[Data excerpts]

+ + + + + + +

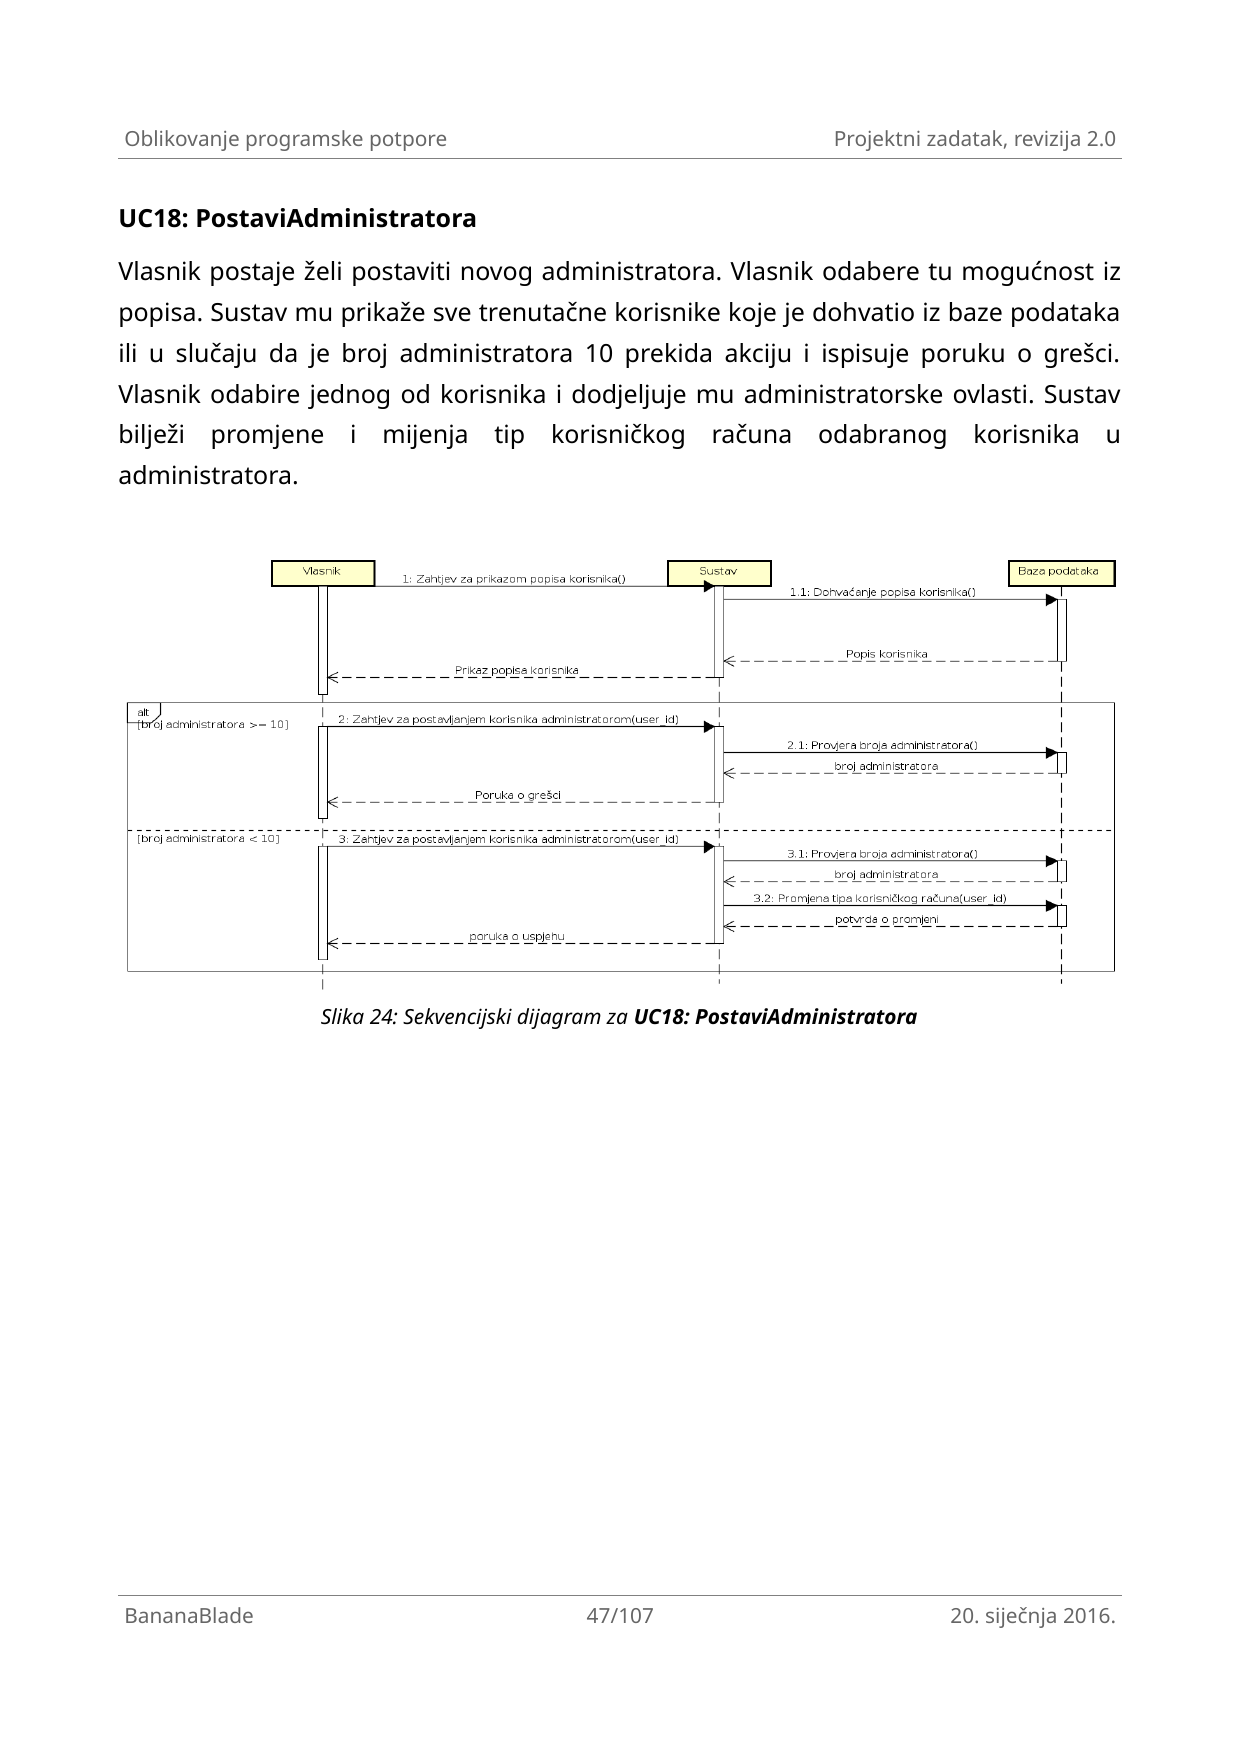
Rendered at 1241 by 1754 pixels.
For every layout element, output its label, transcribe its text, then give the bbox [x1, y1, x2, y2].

subtitle UC18: PostaviAdministratora [118, 201, 1122, 234]
text Slika 24: Sekvencijski dijagram za UC18: PostaviAdministratora [118, 997, 1122, 1031]
picture [118, 552, 1123, 997]
text Vlasnik postaje želi postaviti novog administratora. Vlasnik odabere tu mogućnost iz popisa. Sustav mu prikaže sve trenutačne korisnike koje je dohvatio iz baze podataka ili u slučaju da je broj administratora 10 prekida akciju i ispisuje poruku o grešci. Vlasnik odabire jednog od korisnika i dodjeljuje mu administratorske ovlasti. Sustav bilježi promjene i mijenja tip korisničkog računa odabranog korisnika u administratora. [118, 254, 1122, 492]
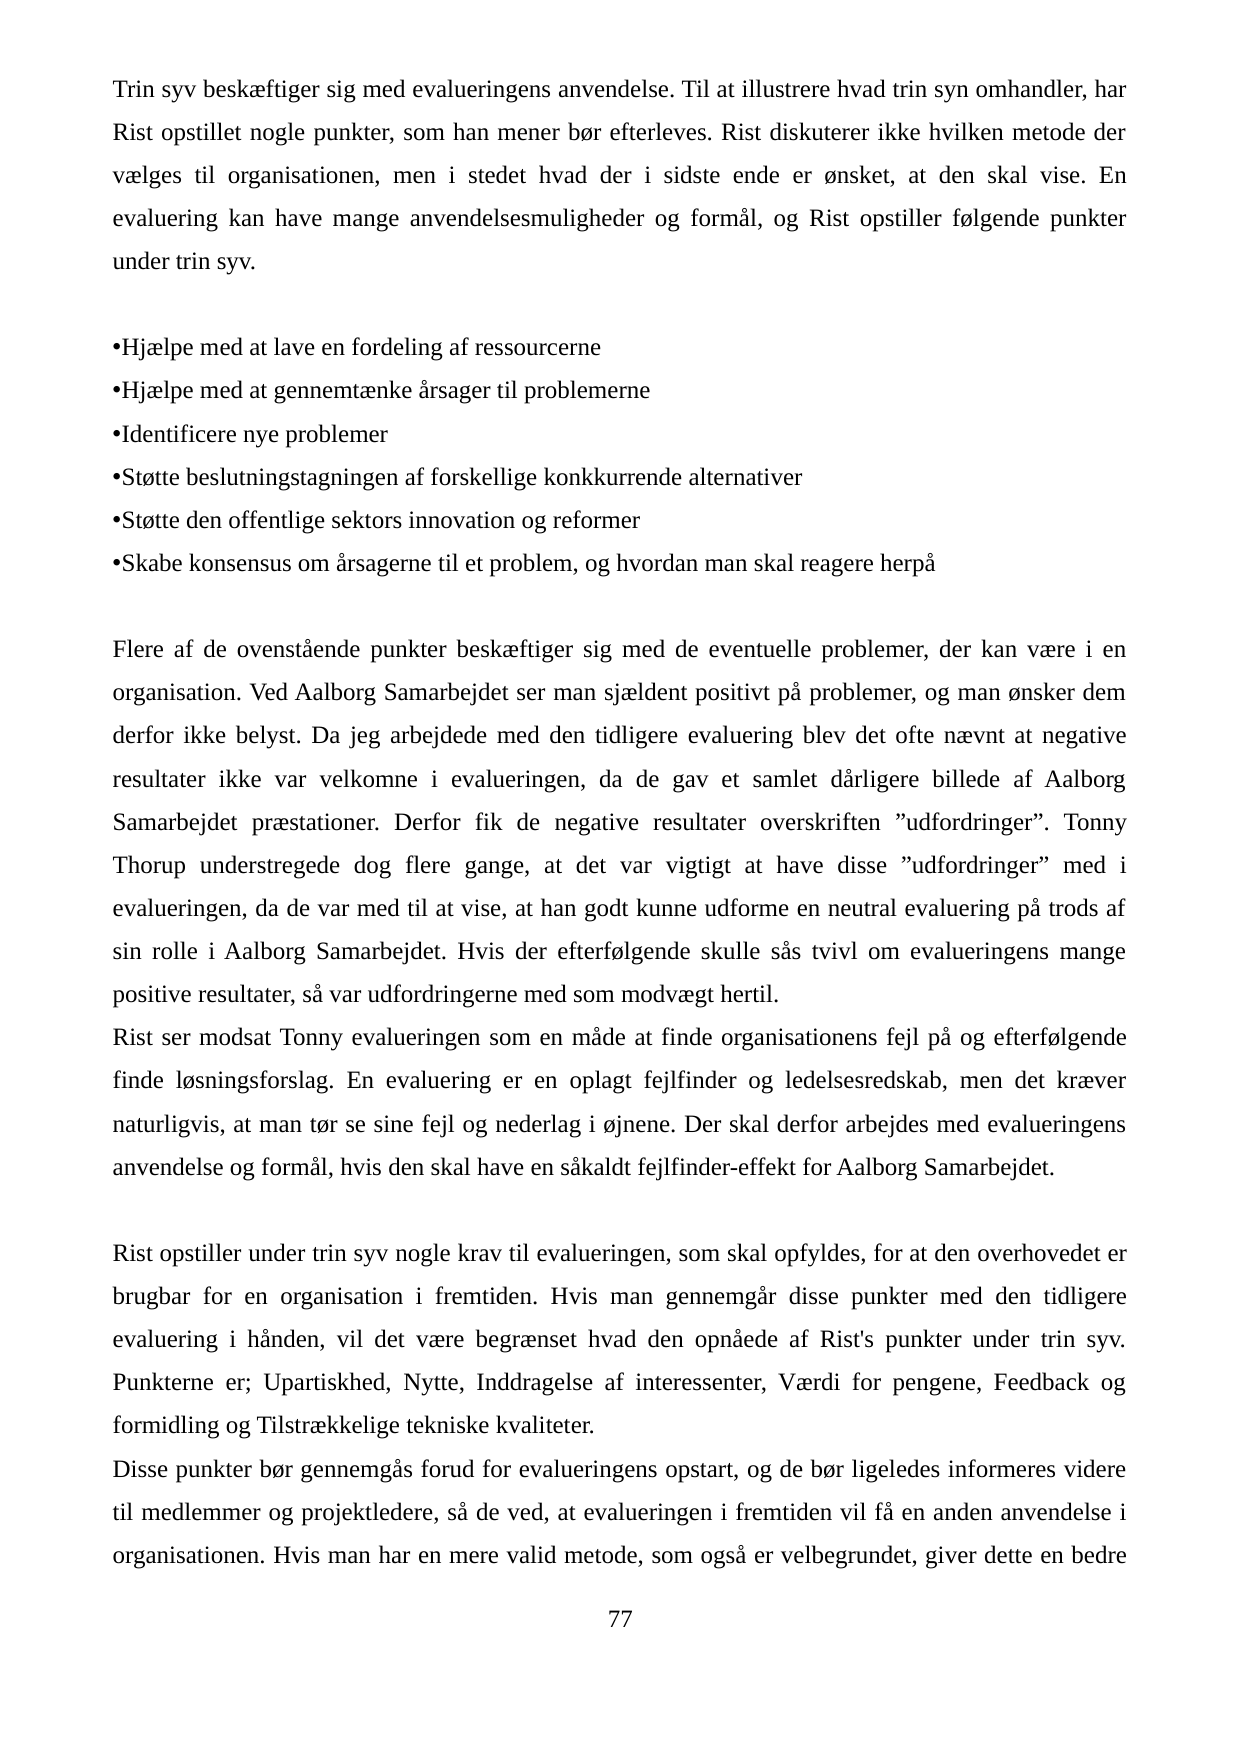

+ + + + + + +

#### Brief:
Type out the data above once more, exactly, with no images included.

#### Your solution:
Rendered at 1241 by 1754 pixels.
For every layout element, output its label, transcribe its text, then give the bbox [x1, y1, x2, y2].

subtitle UC18: PostaviAdministratora [118, 201, 1122, 234]
text Slika 24: Sekvencijski dijagram za UC18: PostaviAdministratora [118, 997, 1122, 1031]
picture [118, 552, 1123, 997]
text Vlasnik postaje želi postaviti novog administratora. Vlasnik odabere tu mogućnost iz popisa. Sustav mu prikaže sve trenutačne korisnike koje je dohvatio iz baze podataka ili u slučaju da je broj administratora 10 prekida akciju i ispisuje poruku o grešci. Vlasnik odabire jednog od korisnika i dodjeljuje mu administratorske ovlasti. Sustav bilježi promjene i mijenja tip korisničkog računa odabranog korisnika u administratora. [118, 254, 1122, 492]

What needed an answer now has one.